>>>

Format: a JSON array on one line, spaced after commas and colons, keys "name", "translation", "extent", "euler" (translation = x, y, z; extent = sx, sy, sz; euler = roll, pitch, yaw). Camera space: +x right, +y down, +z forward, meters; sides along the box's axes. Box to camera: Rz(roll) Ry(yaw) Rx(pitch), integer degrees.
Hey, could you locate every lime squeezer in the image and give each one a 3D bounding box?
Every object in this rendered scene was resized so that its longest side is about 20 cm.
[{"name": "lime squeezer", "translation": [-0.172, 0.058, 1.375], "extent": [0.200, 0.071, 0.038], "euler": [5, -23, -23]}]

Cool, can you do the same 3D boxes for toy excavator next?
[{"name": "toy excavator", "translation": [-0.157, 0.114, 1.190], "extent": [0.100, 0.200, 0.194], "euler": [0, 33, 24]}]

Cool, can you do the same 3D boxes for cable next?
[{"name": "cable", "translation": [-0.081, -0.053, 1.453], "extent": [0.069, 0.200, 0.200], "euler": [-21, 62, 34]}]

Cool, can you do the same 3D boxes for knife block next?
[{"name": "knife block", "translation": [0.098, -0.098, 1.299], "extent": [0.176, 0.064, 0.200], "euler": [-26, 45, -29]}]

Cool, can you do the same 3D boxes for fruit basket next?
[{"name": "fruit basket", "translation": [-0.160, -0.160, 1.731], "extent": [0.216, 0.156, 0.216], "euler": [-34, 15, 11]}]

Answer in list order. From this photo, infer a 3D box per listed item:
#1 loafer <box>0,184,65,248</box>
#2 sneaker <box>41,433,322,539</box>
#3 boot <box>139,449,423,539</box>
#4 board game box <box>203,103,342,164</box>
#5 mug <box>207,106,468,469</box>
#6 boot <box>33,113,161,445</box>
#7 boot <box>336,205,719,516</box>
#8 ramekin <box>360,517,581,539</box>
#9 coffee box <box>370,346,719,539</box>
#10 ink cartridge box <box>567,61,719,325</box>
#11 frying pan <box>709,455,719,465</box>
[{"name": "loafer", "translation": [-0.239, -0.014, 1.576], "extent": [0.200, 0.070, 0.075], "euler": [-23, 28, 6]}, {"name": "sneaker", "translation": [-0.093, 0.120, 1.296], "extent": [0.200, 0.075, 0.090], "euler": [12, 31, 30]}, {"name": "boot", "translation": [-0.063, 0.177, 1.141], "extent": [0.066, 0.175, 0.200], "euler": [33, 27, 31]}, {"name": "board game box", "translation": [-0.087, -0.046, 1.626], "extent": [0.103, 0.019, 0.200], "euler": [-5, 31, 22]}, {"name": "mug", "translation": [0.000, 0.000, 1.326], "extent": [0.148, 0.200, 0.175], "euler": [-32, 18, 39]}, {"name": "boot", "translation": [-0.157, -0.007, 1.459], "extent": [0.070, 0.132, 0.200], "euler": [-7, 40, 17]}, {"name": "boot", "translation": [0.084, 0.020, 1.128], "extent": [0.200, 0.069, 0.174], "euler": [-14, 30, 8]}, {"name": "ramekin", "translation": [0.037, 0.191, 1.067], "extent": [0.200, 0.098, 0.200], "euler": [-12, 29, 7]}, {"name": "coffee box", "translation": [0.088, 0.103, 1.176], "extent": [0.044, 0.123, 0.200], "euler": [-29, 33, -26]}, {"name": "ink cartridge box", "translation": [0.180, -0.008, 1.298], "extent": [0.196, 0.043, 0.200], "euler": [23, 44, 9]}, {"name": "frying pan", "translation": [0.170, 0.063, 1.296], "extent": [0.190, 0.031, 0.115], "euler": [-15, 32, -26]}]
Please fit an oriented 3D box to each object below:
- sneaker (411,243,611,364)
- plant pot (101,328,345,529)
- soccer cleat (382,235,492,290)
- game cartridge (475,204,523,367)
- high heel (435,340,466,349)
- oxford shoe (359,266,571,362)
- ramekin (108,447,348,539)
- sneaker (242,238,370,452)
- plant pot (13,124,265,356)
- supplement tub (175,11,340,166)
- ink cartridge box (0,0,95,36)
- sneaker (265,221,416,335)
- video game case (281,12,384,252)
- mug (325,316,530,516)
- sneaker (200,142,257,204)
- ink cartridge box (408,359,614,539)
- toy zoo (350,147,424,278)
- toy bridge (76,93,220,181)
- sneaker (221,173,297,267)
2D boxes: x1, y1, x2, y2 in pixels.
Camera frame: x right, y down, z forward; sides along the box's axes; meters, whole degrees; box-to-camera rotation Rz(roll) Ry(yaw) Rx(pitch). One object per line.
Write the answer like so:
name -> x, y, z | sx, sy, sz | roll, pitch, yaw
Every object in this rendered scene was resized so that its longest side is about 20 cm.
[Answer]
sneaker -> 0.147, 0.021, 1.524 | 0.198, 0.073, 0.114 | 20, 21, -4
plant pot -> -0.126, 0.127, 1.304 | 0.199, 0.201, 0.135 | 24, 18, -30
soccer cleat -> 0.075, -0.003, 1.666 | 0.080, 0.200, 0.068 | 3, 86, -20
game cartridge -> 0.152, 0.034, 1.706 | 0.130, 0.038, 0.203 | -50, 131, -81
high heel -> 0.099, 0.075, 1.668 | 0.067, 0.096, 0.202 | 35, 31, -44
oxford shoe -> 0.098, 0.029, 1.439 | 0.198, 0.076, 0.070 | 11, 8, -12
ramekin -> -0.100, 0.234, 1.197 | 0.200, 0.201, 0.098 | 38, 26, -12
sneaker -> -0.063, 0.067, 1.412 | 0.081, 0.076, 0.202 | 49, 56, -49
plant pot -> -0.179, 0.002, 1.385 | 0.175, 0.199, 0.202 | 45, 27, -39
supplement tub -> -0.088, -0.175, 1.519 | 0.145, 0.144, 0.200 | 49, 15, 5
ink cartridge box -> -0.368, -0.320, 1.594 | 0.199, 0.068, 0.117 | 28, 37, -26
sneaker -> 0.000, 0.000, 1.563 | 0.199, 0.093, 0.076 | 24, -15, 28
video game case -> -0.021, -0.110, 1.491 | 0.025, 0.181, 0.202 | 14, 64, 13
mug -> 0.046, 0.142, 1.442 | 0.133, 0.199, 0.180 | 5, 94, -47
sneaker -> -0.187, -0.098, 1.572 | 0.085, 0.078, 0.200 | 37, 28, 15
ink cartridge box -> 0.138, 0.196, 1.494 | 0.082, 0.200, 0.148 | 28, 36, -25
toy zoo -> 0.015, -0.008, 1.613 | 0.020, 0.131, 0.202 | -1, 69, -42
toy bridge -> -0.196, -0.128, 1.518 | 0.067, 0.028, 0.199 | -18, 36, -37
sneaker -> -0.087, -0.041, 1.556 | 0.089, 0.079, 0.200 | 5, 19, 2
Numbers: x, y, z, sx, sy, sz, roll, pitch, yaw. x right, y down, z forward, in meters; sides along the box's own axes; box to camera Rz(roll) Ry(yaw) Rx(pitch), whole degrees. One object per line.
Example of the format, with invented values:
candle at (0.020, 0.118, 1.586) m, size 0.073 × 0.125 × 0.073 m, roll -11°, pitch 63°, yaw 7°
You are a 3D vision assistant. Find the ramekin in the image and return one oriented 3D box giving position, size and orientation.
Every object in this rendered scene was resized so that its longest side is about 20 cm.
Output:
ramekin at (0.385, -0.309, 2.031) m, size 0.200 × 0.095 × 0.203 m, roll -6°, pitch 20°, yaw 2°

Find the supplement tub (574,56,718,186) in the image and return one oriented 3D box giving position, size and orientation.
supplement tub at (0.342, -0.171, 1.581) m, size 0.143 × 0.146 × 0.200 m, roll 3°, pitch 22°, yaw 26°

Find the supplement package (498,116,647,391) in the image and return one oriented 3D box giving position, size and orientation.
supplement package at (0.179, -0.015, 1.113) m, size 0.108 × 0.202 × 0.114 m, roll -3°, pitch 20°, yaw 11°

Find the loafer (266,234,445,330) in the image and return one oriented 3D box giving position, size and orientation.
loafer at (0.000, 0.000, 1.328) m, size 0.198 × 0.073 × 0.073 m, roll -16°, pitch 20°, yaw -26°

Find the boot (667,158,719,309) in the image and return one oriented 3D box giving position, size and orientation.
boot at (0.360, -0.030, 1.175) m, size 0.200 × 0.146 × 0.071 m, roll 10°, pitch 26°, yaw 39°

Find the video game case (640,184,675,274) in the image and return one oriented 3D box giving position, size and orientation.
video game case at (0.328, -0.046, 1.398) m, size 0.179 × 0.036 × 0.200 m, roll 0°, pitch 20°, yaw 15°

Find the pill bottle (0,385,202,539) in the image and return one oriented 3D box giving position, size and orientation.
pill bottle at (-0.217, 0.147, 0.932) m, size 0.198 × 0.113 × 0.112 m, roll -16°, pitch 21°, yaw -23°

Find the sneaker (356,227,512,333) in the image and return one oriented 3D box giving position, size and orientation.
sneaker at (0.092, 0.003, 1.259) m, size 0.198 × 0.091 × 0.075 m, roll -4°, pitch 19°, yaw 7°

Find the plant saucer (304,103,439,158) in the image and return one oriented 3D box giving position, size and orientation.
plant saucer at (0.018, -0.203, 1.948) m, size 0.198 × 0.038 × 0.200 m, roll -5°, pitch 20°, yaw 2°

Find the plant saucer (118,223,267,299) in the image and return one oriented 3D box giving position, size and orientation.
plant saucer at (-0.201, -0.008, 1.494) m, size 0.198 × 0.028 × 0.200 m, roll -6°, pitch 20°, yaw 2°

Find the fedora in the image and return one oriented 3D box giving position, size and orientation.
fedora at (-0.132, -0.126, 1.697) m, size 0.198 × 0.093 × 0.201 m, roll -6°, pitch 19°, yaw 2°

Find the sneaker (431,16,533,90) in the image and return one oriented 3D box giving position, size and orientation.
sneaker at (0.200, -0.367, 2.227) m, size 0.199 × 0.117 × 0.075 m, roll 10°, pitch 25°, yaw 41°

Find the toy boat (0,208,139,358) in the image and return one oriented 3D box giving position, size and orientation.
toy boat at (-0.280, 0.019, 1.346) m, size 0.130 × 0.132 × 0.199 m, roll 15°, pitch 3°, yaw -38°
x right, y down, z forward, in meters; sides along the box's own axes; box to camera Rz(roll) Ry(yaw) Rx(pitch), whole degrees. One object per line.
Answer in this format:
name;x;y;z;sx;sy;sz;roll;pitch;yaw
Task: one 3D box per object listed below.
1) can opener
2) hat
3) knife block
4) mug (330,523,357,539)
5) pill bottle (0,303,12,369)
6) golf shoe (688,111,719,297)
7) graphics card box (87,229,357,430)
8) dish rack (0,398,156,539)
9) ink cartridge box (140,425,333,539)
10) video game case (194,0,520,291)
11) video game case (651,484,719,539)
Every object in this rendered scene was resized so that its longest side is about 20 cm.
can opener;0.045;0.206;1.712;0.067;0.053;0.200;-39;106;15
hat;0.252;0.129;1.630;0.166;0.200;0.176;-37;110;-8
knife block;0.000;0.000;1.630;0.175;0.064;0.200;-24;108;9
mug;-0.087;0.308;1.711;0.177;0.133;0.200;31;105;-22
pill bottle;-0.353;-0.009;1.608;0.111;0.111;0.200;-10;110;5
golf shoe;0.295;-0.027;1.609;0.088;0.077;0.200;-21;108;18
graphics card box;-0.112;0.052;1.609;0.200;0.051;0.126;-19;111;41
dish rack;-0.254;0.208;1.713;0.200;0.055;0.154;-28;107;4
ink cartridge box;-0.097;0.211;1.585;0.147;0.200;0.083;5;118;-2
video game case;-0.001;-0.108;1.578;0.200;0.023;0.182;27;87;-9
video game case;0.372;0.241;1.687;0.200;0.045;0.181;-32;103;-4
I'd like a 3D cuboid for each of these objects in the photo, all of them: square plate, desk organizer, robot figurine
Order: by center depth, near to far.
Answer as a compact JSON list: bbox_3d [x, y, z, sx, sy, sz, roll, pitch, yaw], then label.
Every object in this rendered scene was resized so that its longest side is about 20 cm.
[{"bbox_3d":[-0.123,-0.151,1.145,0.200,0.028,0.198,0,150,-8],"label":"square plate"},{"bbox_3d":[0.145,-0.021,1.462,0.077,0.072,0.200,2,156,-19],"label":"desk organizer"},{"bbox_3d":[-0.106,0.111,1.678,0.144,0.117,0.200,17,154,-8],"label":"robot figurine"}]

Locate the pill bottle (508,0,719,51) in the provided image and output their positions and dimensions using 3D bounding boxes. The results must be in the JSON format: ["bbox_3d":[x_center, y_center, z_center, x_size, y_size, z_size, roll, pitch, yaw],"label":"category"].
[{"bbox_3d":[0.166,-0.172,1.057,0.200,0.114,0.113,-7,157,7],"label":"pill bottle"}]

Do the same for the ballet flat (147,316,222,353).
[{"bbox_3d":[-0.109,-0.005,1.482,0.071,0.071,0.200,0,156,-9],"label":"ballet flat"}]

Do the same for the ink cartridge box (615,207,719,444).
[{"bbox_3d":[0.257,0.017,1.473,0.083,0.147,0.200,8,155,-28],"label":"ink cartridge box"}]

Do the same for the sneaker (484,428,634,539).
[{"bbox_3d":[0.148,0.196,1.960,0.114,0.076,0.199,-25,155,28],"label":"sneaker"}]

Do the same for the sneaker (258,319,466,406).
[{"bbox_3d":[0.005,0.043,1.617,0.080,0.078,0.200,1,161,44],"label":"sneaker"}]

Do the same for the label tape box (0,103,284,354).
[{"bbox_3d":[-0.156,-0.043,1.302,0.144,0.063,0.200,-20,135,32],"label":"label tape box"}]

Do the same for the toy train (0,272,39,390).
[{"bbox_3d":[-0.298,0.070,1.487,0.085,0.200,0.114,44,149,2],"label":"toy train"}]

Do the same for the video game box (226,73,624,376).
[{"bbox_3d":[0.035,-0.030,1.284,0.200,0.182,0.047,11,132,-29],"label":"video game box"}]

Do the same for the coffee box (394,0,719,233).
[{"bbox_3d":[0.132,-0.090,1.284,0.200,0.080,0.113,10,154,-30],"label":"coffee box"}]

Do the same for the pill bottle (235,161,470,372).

<<<

• _ABOUT THIS TASK_
In the listing above, find the line with "#4 board game box <box>203,103,342,164</box>" and the line with "#10 ink cartridge"; set down exactly those two lines and every line between them, nothing more.

• _PROBLEM SOLUTION_
#4 board game box <box>203,103,342,164</box>
#5 mug <box>207,106,468,469</box>
#6 boot <box>33,113,161,445</box>
#7 boot <box>336,205,719,516</box>
#8 ramekin <box>360,517,581,539</box>
#9 coffee box <box>370,346,719,539</box>
#10 ink cartridge box <box>567,61,719,325</box>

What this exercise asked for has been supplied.